## Excerpts from a dataset
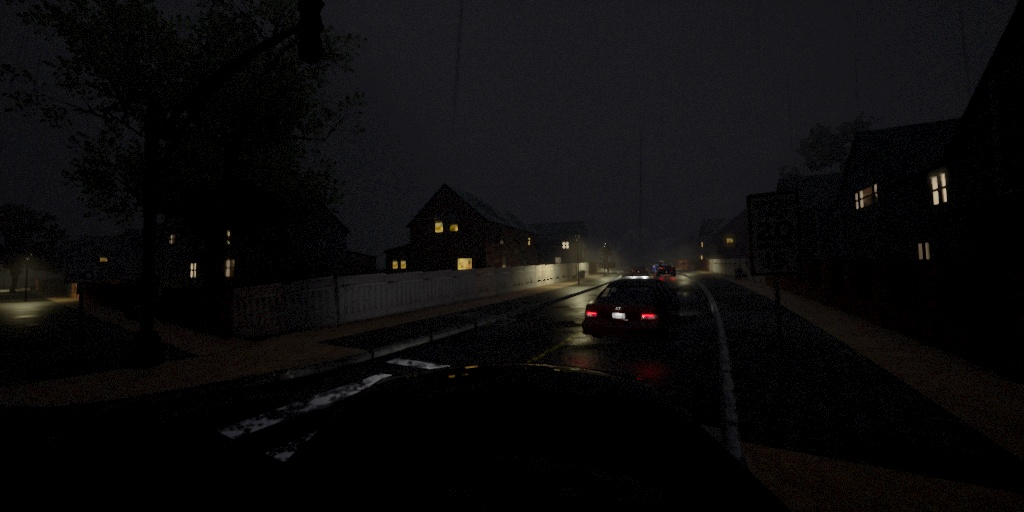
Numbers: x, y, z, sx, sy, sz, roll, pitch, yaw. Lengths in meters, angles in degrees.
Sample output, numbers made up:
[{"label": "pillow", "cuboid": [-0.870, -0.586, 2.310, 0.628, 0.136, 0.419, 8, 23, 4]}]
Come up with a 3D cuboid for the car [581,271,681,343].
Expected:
[{"label": "car", "cuboid": [3.471, 1.326, 9.845, 2.033, 1.411, 5.357, -3, -1, 28]}]

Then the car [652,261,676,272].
[{"label": "car", "cuboid": [16.838, 1.467, 39.369, 2.128, 1.511, 4.902, -2, -1, 20]}]

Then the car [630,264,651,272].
[{"label": "car", "cuboid": [15.259, 1.663, 43.105, 1.994, 1.385, 4.181, -2, -1, 20]}]
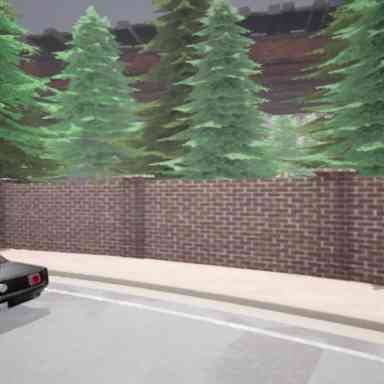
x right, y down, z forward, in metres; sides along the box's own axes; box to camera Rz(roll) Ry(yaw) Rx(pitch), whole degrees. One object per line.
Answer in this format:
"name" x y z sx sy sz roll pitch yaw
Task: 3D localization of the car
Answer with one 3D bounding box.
"car" -5.091 1.575 6.146 4.718 1.301 1.895 0 1 23
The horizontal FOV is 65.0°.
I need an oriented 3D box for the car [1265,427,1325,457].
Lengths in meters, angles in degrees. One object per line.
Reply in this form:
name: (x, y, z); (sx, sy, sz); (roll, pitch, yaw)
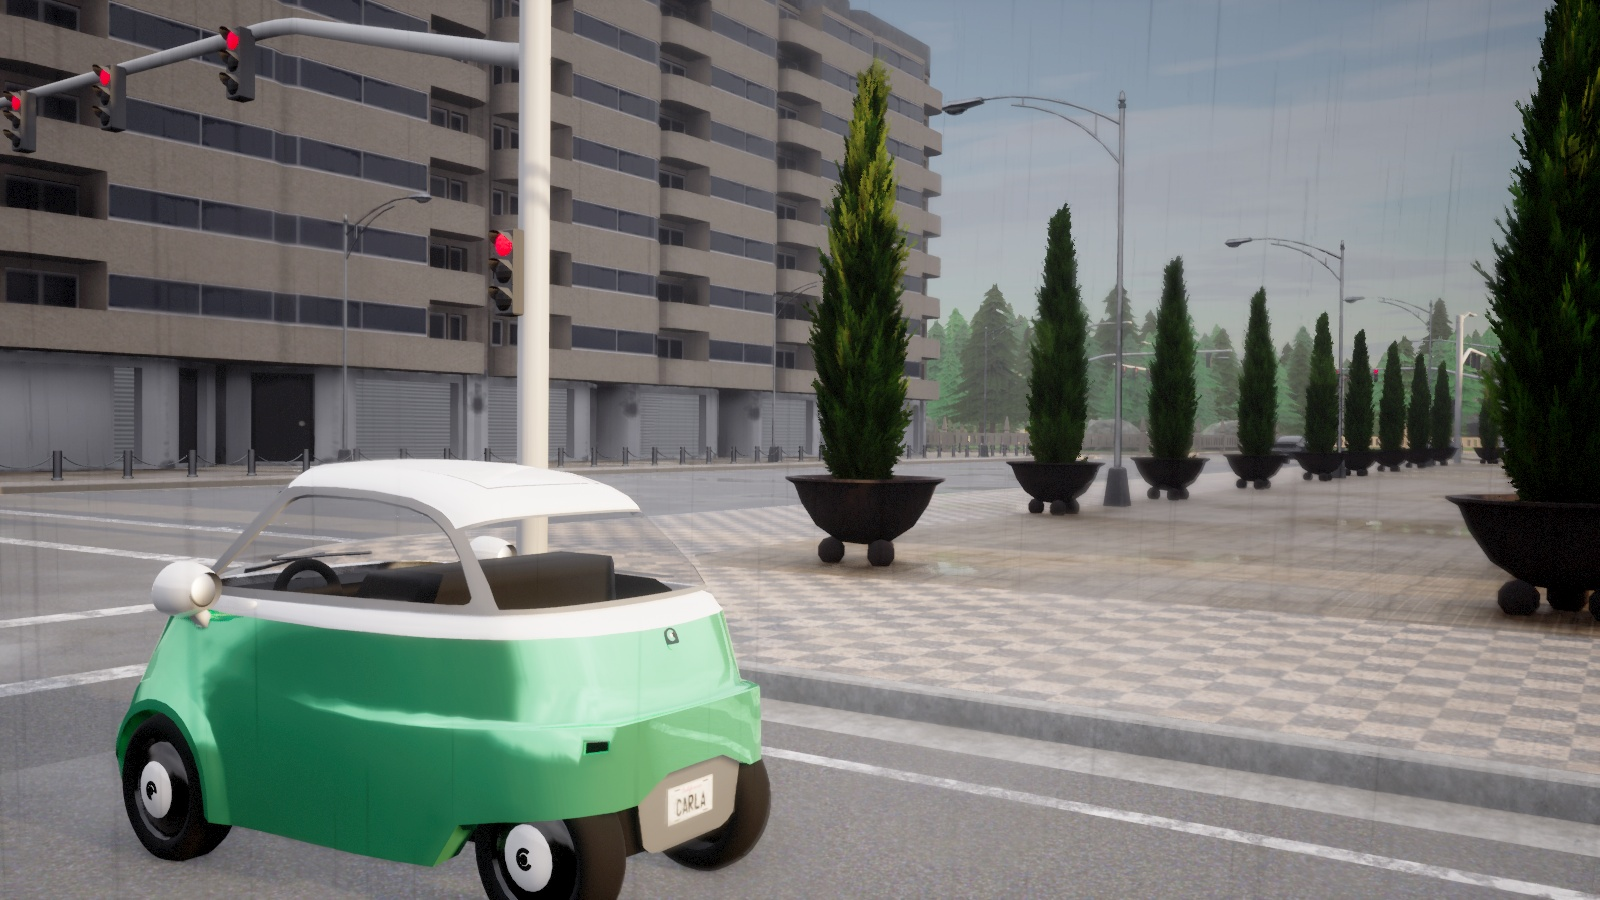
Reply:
car: (25.735, -0.442, 65.164); (1.837, 1.490, 4.892); (0, 1, 34)

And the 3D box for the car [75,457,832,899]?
car: (-1.218, 0.737, 4.433); (2.207, 1.376, 1.481); (0, 1, 34)

## What you have to do
Leave every picture out and output the records exactly.

## Worked solution
Numbers: x, y, z, sx, sy, sz, roll, pitch, yaw. Lengths in meters, angles in degrees.
Sample output, numbers made up:
[{"label": "pillow", "cuboid": [-0.870, -0.586, 2.310, 0.628, 0.136, 0.419, 8, 23, 4]}]
Come up with a 3D cuboid for the car [581,271,681,343].
Expected:
[{"label": "car", "cuboid": [3.471, 1.326, 9.845, 2.033, 1.411, 5.357, -3, -1, 28]}]

Then the car [652,261,676,272].
[{"label": "car", "cuboid": [16.838, 1.467, 39.369, 2.128, 1.511, 4.902, -2, -1, 20]}]

Then the car [630,264,651,272].
[{"label": "car", "cuboid": [15.259, 1.663, 43.105, 1.994, 1.385, 4.181, -2, -1, 20]}]
x right, y down, z forward, in metres; sides along the box's own axes; box to camera Rz(roll) Ry(yaw) Rx(pitch), whole degrees. One object per line.
Answer in this format:
"name" x y z sx sy sz roll pitch yaw
Task: 3D localization of the car
Answer with one 3D bounding box.
"car" -5.091 1.575 6.146 4.718 1.301 1.895 0 1 23
The horizontal FOV is 65.0°.
I need an oriented 3D box for the car [1265,427,1325,457].
Lengths in meters, angles in degrees. One object per line.
Reply in this form:
name: (x, y, z); (sx, sy, sz); (roll, pitch, yaw)
Reply:
car: (25.735, -0.442, 65.164); (1.837, 1.490, 4.892); (0, 1, 34)

And the 3D box for the car [75,457,832,899]?
car: (-1.218, 0.737, 4.433); (2.207, 1.376, 1.481); (0, 1, 34)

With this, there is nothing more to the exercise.